The appraisal of public health interventions: the use of theory.

Author information

1
Theorize Ltd, Manchester, UK.
2
Independent Researcher, Liverpool, UK.
3
Centre for Public Health, National Institute for Health and Care Excellence, London, UK.
4
Centre for Health Economics, University of York, York, UK.
5
Department of Health Services Research and Policy, London School of Hygiene and Tropical Medicine, London, UK.

Abstract

BACKGROUND:

Public health decision-making is hampered by inappropriate adherence to underpowered randomized controlled trials (RCTs) which give inconclusive results and lead to decision-makers being loath to recommend interventions with strong theoretical and observational support.

METHODS:

We outline situations in which robust decisions about health interventions can be made without trial evidence.
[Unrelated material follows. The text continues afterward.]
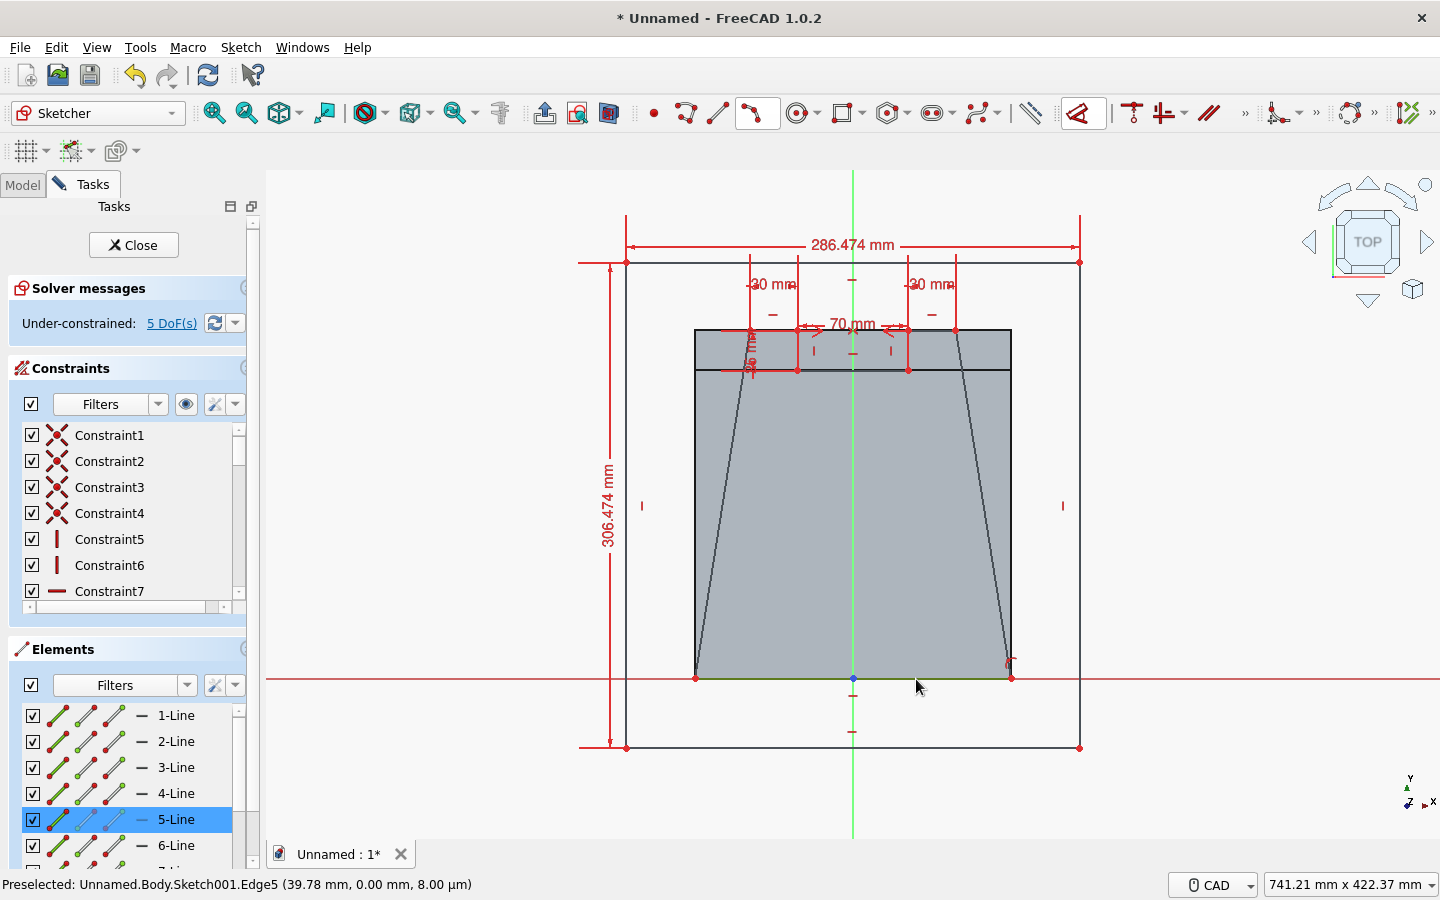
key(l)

We present a new approach in which theory, causal models and past observations are given proper regard in the decision-making process.

RESULTS:

Using our approach, we provide examples where the use of causal theories and observations in areas, such as salt reduction, smoking cessation and gardening to improve mental health, is sufficient for deciding that such interventions are effective for improving health without needing the support of underpowered RCTs. Particularly where RCT evidence is inconclusive, our approach may provide similar aggregate health outcomes for society for vastly lower cost.

CONCLUSIONS:

When knowledge and theoretical understanding are unable sufficiently to reduce doubt about the direction of effect from an intervention, decisions should be made using evidence-based medicine approaches. There are, however, many cases where the combination of robust theory, causal understanding and observation are able to provide sufficient evidence of the direction of effect from an intervention that current practice should be altered.

KEYWORDS:

health services; methods; public health

PMID:
25015579
DOI:
10.1093/pubmed/fdu044
[Indexed for MEDLINE]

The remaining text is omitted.